Distance from a point to a straight line in space

The distance between a point $P$ and a straight line $r$, $\text{d}(P,r)$ is the minimal distance between $P$ and any point of the straight line $r$.

• If $P$ is a point of the straight line $r$, the distance is zero.
• If $P$ is not on the straight line $r$, the distance from $P$ to $r$ will be the module of the vector $\overrightarrow{PP'}$, where $P'$ is the orthogonal projection of $P$ on the straight line $r$.

Nevertheless, there exists a simpler way to calculate the distance between a point $P$ and a straight line $r$ if the point does not belong to the straight line.

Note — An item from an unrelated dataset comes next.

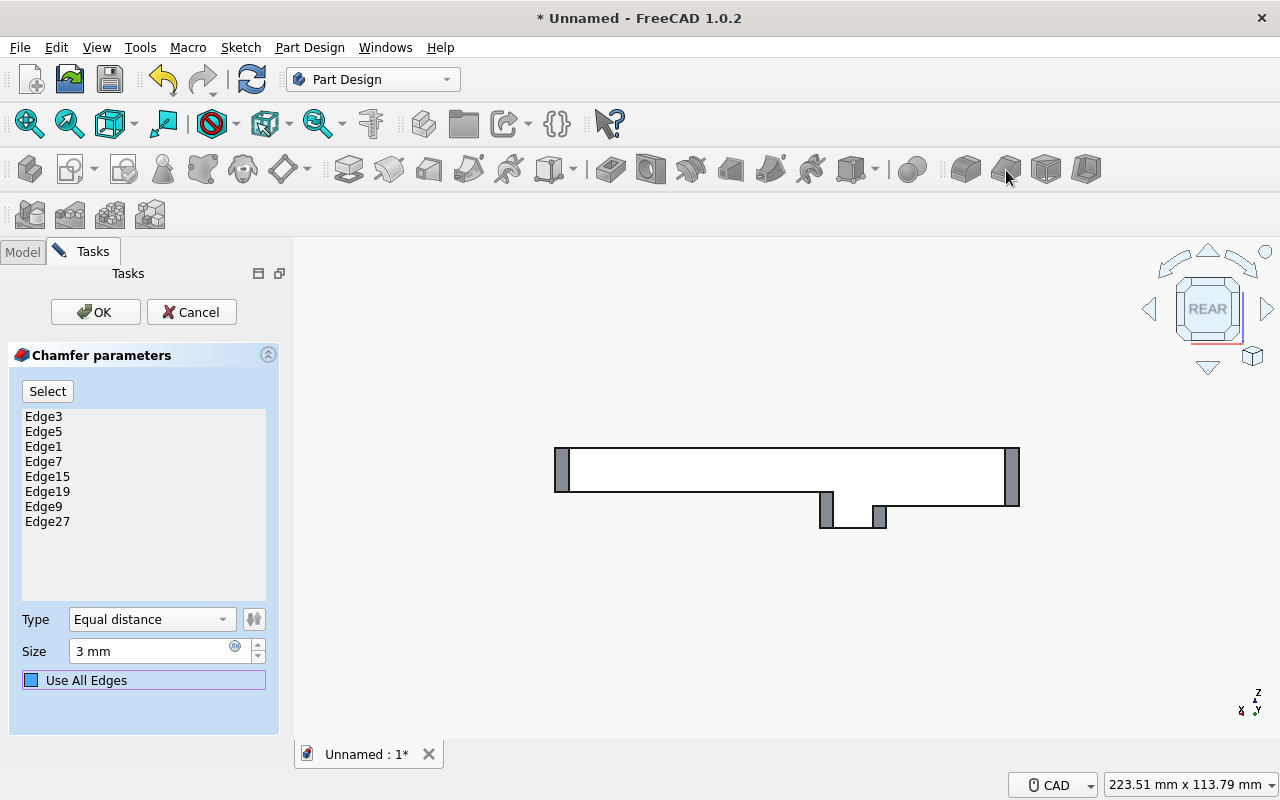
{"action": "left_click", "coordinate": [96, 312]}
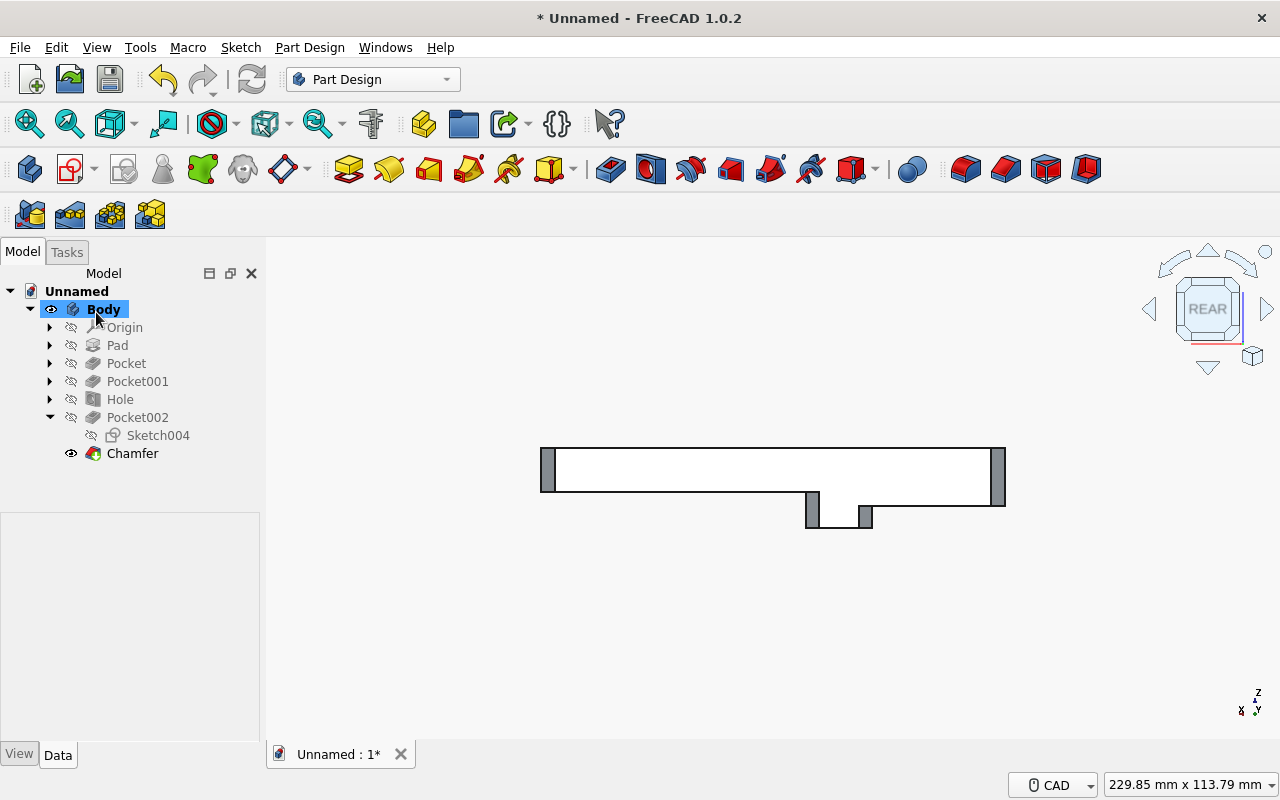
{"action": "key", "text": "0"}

Let's consider a point $Q$ on the straight line $r$ and the governing vector of the straight line, $\vec{v}$. The area of the parallelogram determined by the vector $\overrightarrow{QP}$ and $\vec{v}$ has module equal to the vector product of both vectors: $$S_p=|\overrightarrow{QP}\times\vec{v}|$$

But the area of a parallelogram is also given by the product of the base times the height. Then: $$|S_p=|\vec{v}|\cdot\text{d}(P,r)$$

Therefore, $$\text{d}(P,r)=\dfrac{|\overrightarrow{QP}\times\vec{v}|}{|\vec{v}|}$$

Calculate the distance between the point $P = (2, 4, 1)$ and the straight line $r: (x, y, z) = (2, 3, -1) + k\cdot(1, 2, 1)$.

We take a point of the straight line, for example $Q = (2, 3, -1)$. Now we will have to calculate the vector product of the vectors $\overrightarrow{QP}$ and $\vec{v}$.

$$\overrightarrow{QP}=(0,1,2)$$

$$\begin{array}{rl} |\overrightarrow{QP}\times\vec{v}|=& \left| \begin{vmatrix} i & j & k \\ 0& 1& 2 \\ 1& 2& 1 \end{vmatrix} \right| = |i+2j-k-4i|=|-3i+2j-k| \\ =& |(-3,2,-1)|=\sqrt{9+4+1}=\sqrt{14} \end{array}$$

and we can already apply the formula:

$$\text{d}(P,r)=\dfrac{|\overrightarrow{QP}\times\vec{v}|}{|\vec{v}|}= \dfrac{\sqrt{14}}{\sqrt{6}}=\sqrt{\dfrac{7}{3}}$$